Comment 7 eduardo.perezesteban 2011-11-26 22:13:09 UTC
Well, looks like this is not related to fstab, after all: I reverted to the old configuration, and it is failing again. I'm thinking again what may I have changed that triggered this, because this has been working for ages; next suspect on my list is that I recently changed /tmp to a tmpfs.

Comment 8 Peter Rajnoha 2012-02-02 16:09:46 UTC
This looks like udev interaction again. Are you able to remove the snapshot with udev stopped temporarily?
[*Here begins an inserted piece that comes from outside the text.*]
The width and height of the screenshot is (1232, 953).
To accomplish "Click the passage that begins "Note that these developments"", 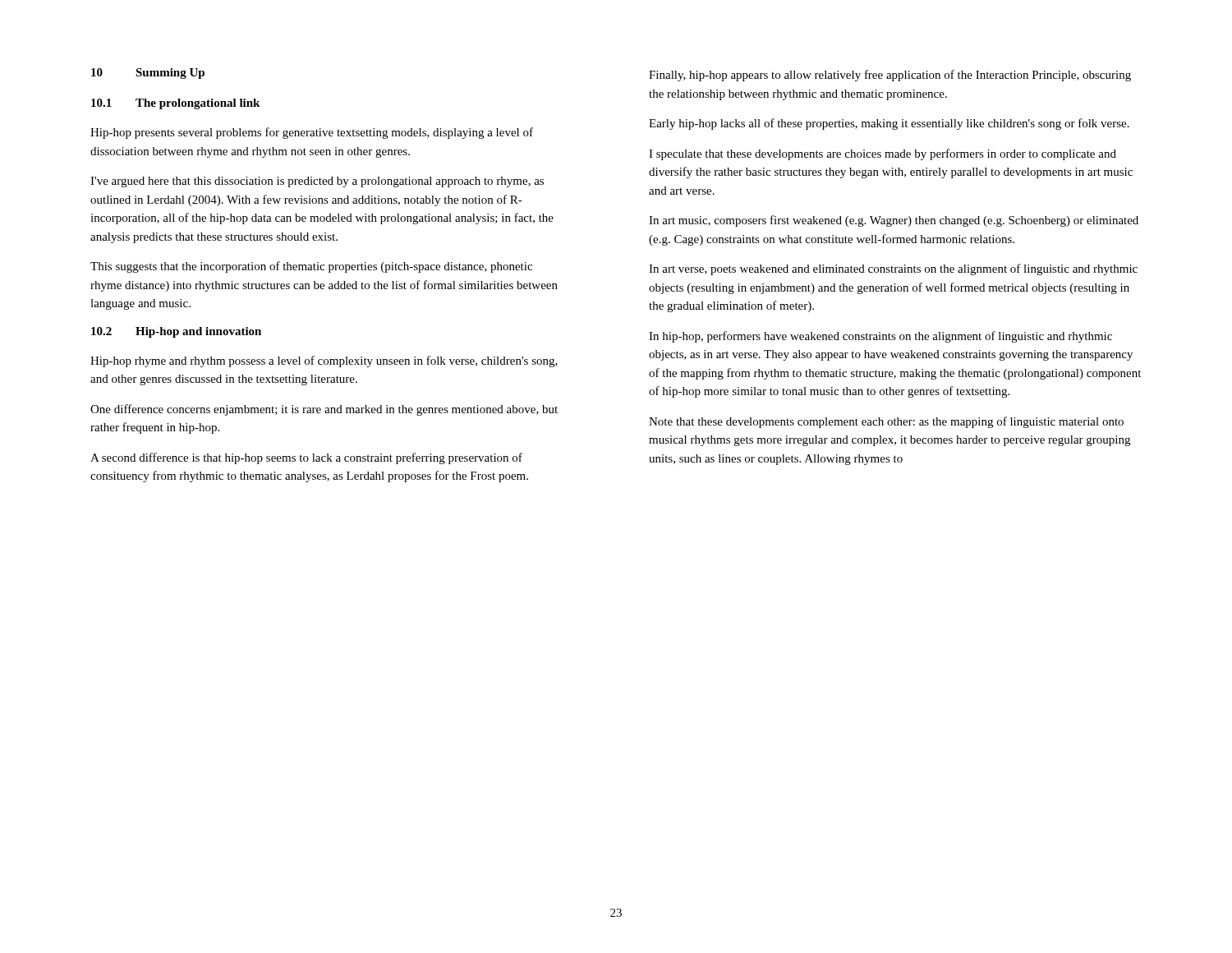I will pos(895,440).
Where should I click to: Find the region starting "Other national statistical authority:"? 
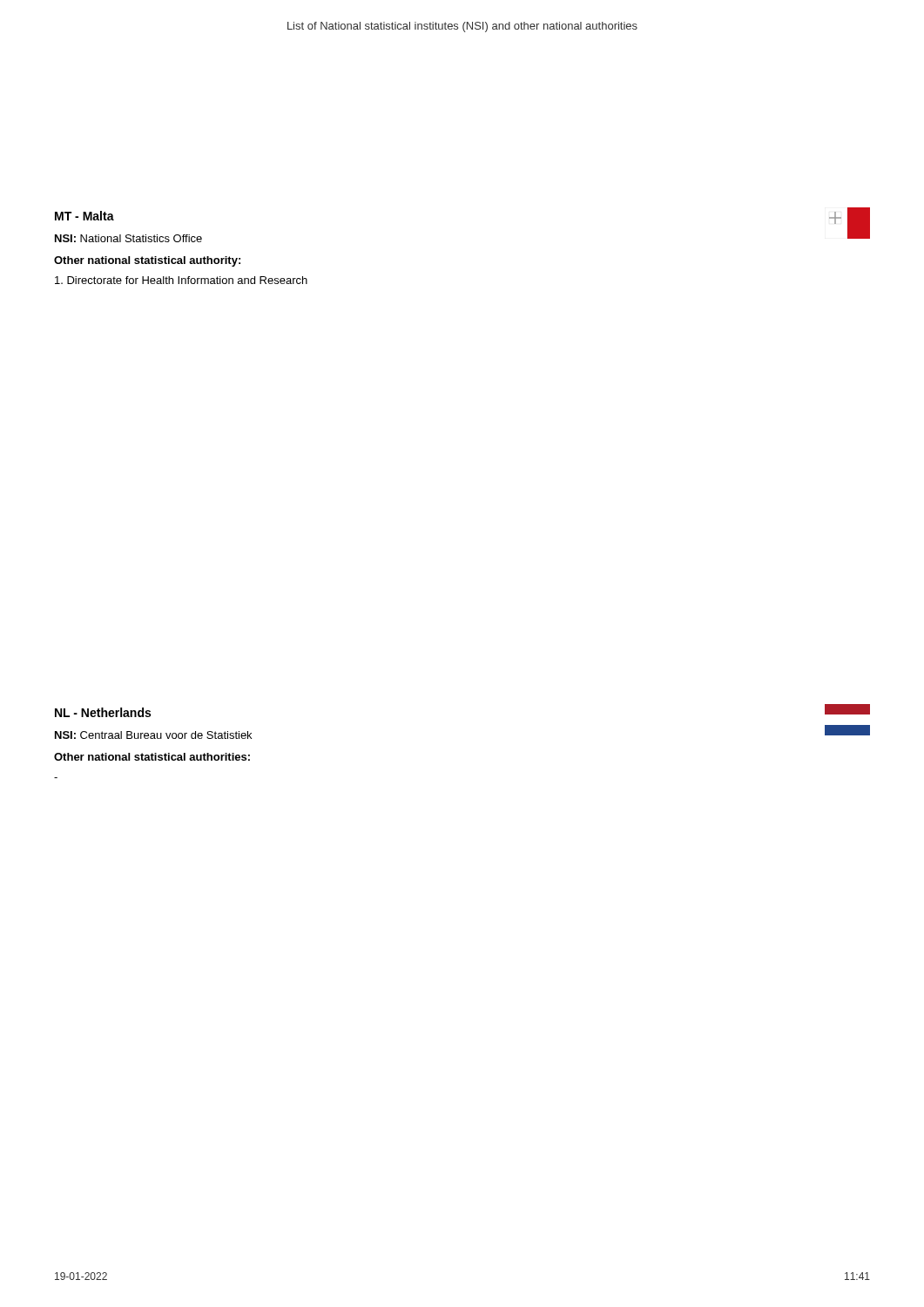click(148, 260)
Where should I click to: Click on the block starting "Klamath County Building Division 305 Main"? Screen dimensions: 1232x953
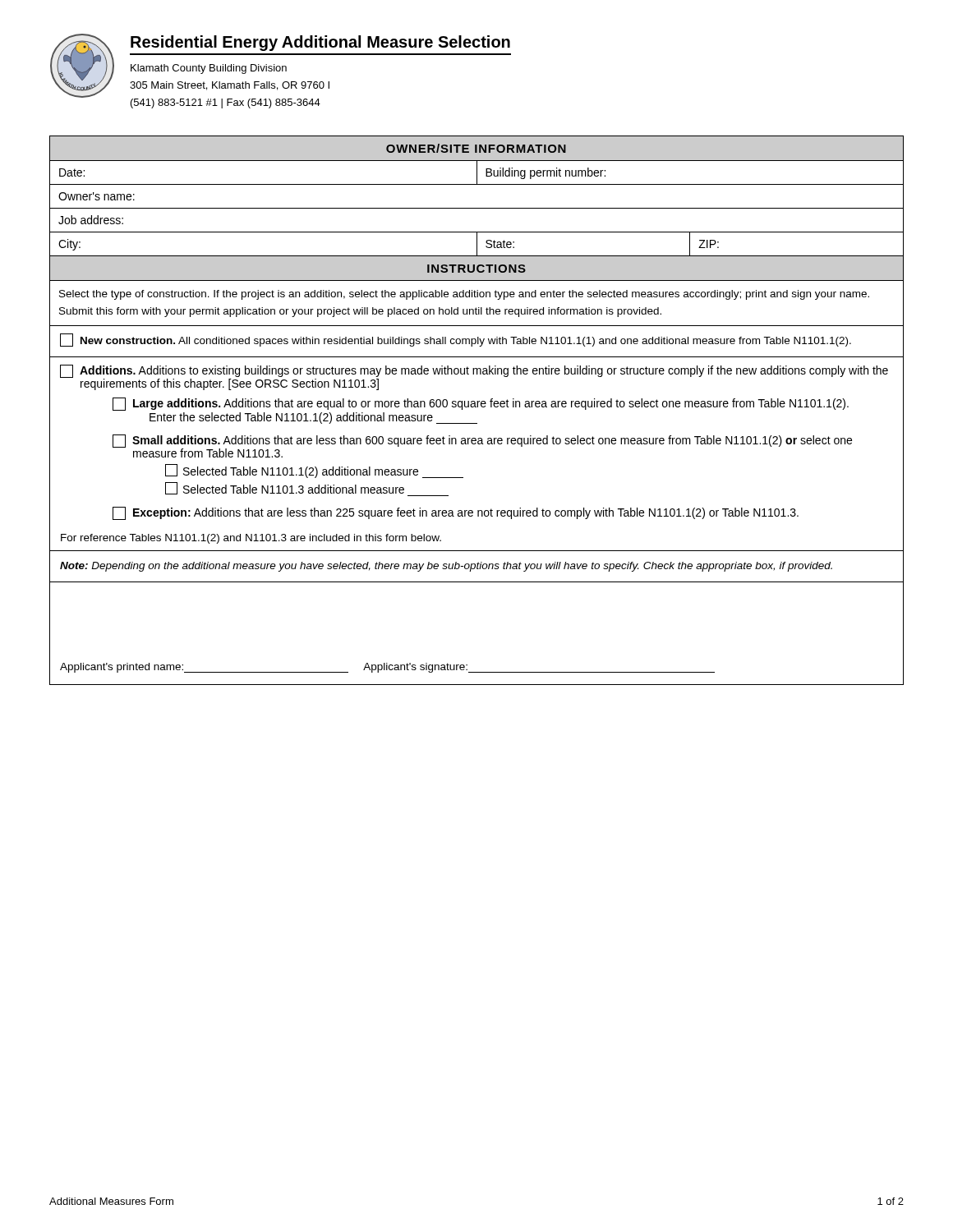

Please, try this:

  systemctl stop udev.service udev-control.socket udev-kernel.socket
  lvremove <the snapshot>
  systemctl start udev.service udev-control.socket udev-kernel.socket

My guess is this is a dup of bug #712100.

Comment 10 eduardo.perezesteban 2012-02-23 17:39:47 UTC
I tried to comment the line in /lib/udev/rules.d/80-udisks.rules, as explained in bug #712100; the situation improved, but the problem still happened now and then. Later I upgraded to Fedora 16, and activated again the rule in the udev config file; I have not detected any issue since then. Thanks.

Comment 11 Peter Rajnoha 2012-02-24 14:20:08 UTC
(In reply to comment #10)
> I tried to comment the line in /lib/udev/rules.d/80-udisks.rules, as explained
> in bug #712100; the situation improved, but the problem still happened now and
> then. Later I upgraded to Fedora 16, and activated again the rule in the udev
> config file; I have not detected any issue since then. Thanks.

OK, I'm marking this one as a dup of bug #712100 as it's udev-interaction problem with 99% certainty. If you encounter this problem again in F16, we also have a clone of the former bug for F16 as well - bug #753105, but the update hasn't been done yet (this will probably end up with CLOSED NEXTRELEASE).

F17 will have all the retry-remove logic in libdevmapper/lvm2 directly that should prevent this problem to occur (the problem is that we can't synchronize with synthesized events, like commented in those bug previous reports already).

If you encounter the problem again in F16, please, feel free to add a comment in the bug #753105 and we'll see whether there is also another cause of this problem or whether it's the same one. Thanks.

*** This bug has been marked as a duplicate of bug 712100 ***